Officers of the Funds

Hideo Tanaka (age 58) has been President of JEQ since December 2006, President and Chief Executive Officer of Daiwa SB Investments (USA) Ltd. since November 2006, Executive Officer and Head of Fixed-Income Management of Daiwa SB Investments Ltd. from 2003 to 2006 and Chief Global Strategist of Daiwa SB Investments Ltd. from 1995 to 2003. Mr. Tanaka's address is 32 Old Slip, New York, New York 10005.

John J. O'Keefe (age 49) has been Vice President and Treasurer of the Funds since June 2000 and Vice President of the Fund Accounting Department of DSTC since June 2000. Mr. O'Keefe's address is One Evertrust Plaza, Jersey City, New Jersey 07302-3051.

Yuko Tatezawa (age 29) has been Secretary of the Funds since March 2004 and has worked in the Client Reporting Department of DSTC since June 2002. Ms. Tatezawa's address is One Evertrust Plaza, Jersey City, New Jersey 07302-3051.

Anthony Cambria (age 53) has been the Chief Compliance Officer of the Funds since September 2004 and Director and Executive Vice President of DSTC since 1999. Mr. Cambria's address is One Evertrust Plaza, Jersey City, New Jersey 07302-3051.

Leonard B. Mackey, Jr. (age 57) has been Assistant Secretary of the Funds since September 2004 and has been a consultant since 2007 and was a partner from 1983 to 2007 in the law firm of Clifford Chance US LLP. Mr. Mackey's address is 31 West 52nd Street, New York, New York 10019.

Transactions with and Remuneration of Officers and Directors

The aggregate fee remuneration for Directors of each Fund not affiliated with such Fund's investment manager or the investment adviser was $44,799.66 and $38,262.00 during the fiscal years ended October 31, 2007 and 2006, respectively, for The Singapore Fund, Inc., $44,799.66 and $38,262.00 for the fiscal years ended October 31, 2007 and 2006, respectively, for The Japan Equity Fund, Inc., and $36,874.68 and $32,712.50 for the fiscal years ended December 31, 2007 and 2006, respectively, for The Thai Capital Fund, Inc. Each such non-affiliated Director currently receives fees, paid by each Fund, of $750 for The Singapore Fund, Inc., $750 for The Japan Equity Fund, Inc. and $650 for The Thai Capital Fund, Inc. for each Directors' meeting attended in person or by telephone, $575 for The Singapore Fund, Inc., $575 for The Japan Equity Fund, Inc. and $475 for The Thai Capital Fund, Inc. for each audit committee meeting attended in person or by te lephone and an annual fee of $6,500 for The Singapore Fund, Inc., $6,500 for The Japan Equity Fund, Inc. and $5,000 for The Thai Capital Fund, Inc.
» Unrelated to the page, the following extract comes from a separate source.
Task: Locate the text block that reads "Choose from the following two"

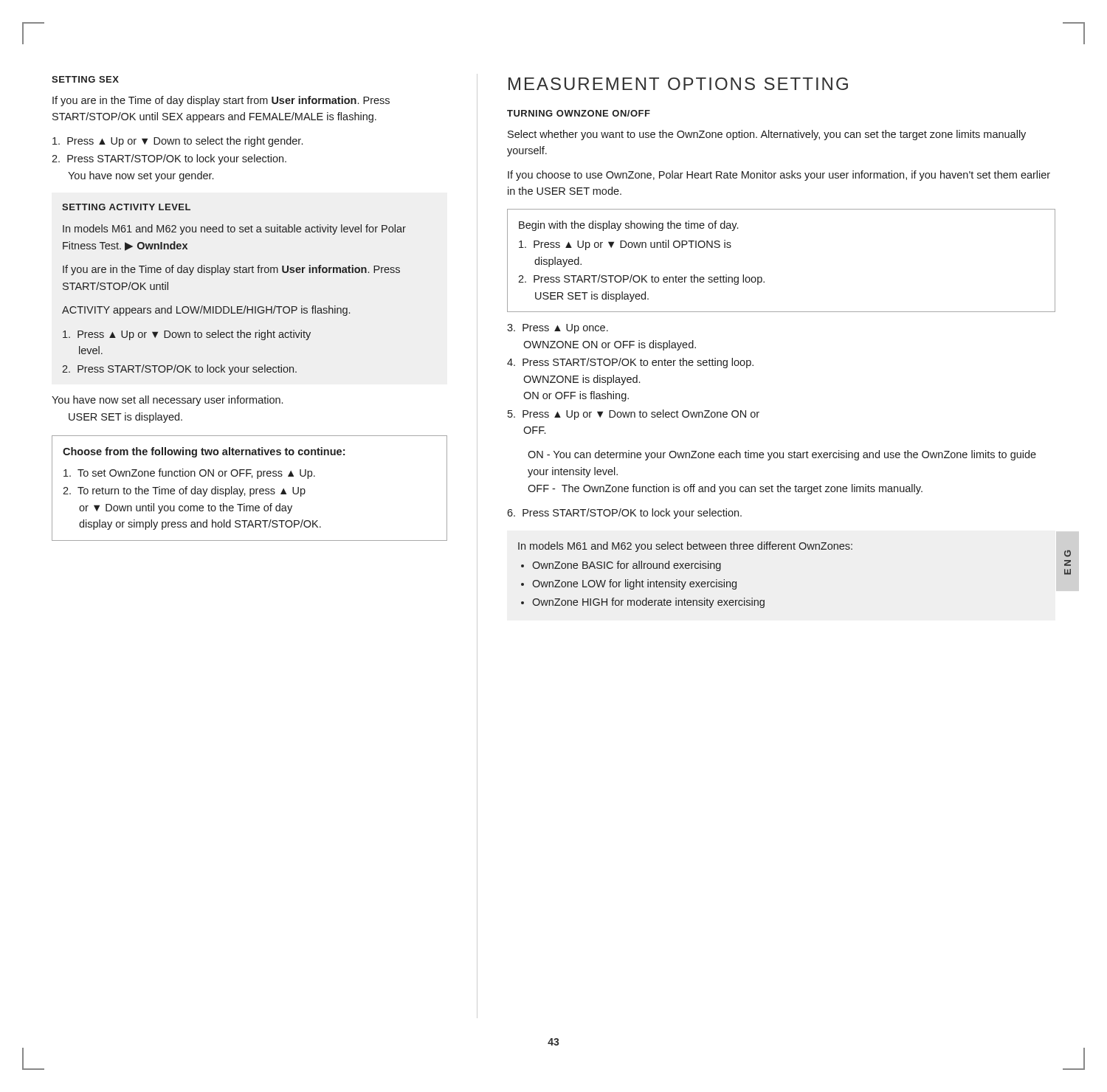Action: [x=204, y=452]

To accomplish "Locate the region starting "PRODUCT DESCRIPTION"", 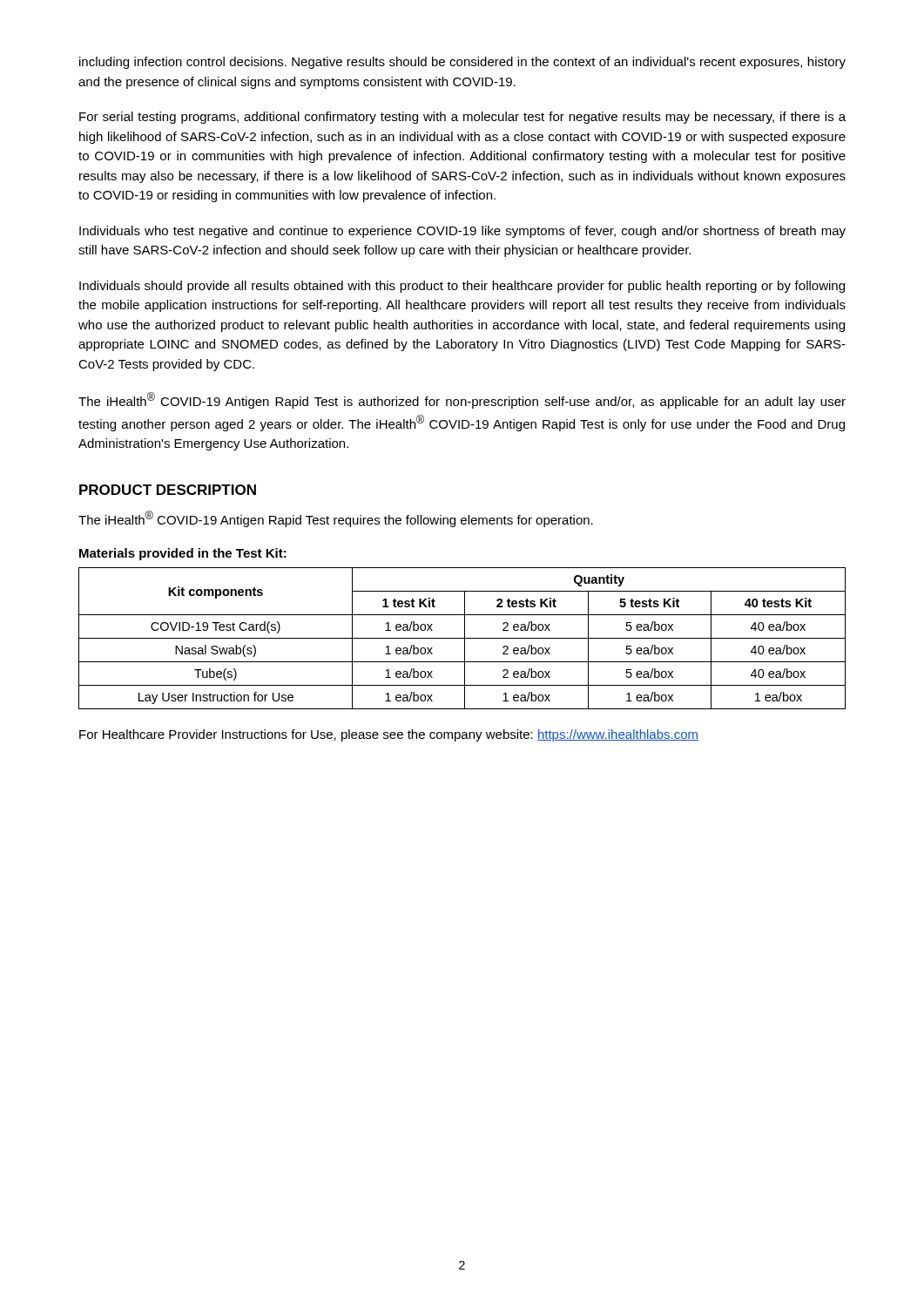I will coord(168,490).

The officers and interested Directors of each Fund received no compensation from the Funds. DSTC, which pays the compensation and certain expenses of the officers of DSTC who serve as officers of the Funds, receives administration and custodian fees from the Funds.

Set forth below is a chart showing the aggregate fee compensation paid by the Funds (in U.S. dollars) to each of its Directors during each Fund's most recent fiscal year, as well as the total fee compensation paid to each


7



Director of the Funds by such Fund and by other registered investment companies advised by DBS Asset Management (United States) Pte. Ltd., Daiwa SB Investments (Singapore) Ltd., Daiwa SB Investments (H.K.) Ltd.**, Daiwa SB Investments (USA) Ltd., Daiwa SB Investments Ltd. or their respective affiliates (collectively, the "Fund Complex") for their services as Directors of such investment companies during their respective fiscal years. In all cases, there were no pension or retirement benefits accrued as part of any Fund's expenses.

Name of Director   Aggregate
Compensation
From The
Singapore
Fund, Inc.
  Aggregate
Compensation
From The
Japan Equity
Fund, Inc.
  Aggregate
Compensation
From The
Thai Capital
Fund, Inc.
  Total
Compensation
From Fund and
Fund Complex
Paid
to Directors
 
Interested Directors  
Masamichi Yokoi(1)   $ 0     $ 0     $ 0     $ 0    
Independent Directors  
Austin C. Dowling   $ 10,650.00     $ 10,650.00     $ 9,025.00     $ 30,325.00    
Martin J. Gruber     10,650.00       10,650.00       8,550.00       29,850.00    
David G. Harmer     10,650.00       10,650.00       9,025.00       30,325.00    
Richard J. Herring     2,408.33       2,408.33       1,483.34       6,300.00    
Rahn K. Porter     2,408.33       2,408.33       1,483.34       6,300.00    
Oren G. Shaffer     8,033.00       8,033.00       7,308.00       23,374.00    

 

(1)  "Interested person" of the Funds within the meaning of the 1940 Act.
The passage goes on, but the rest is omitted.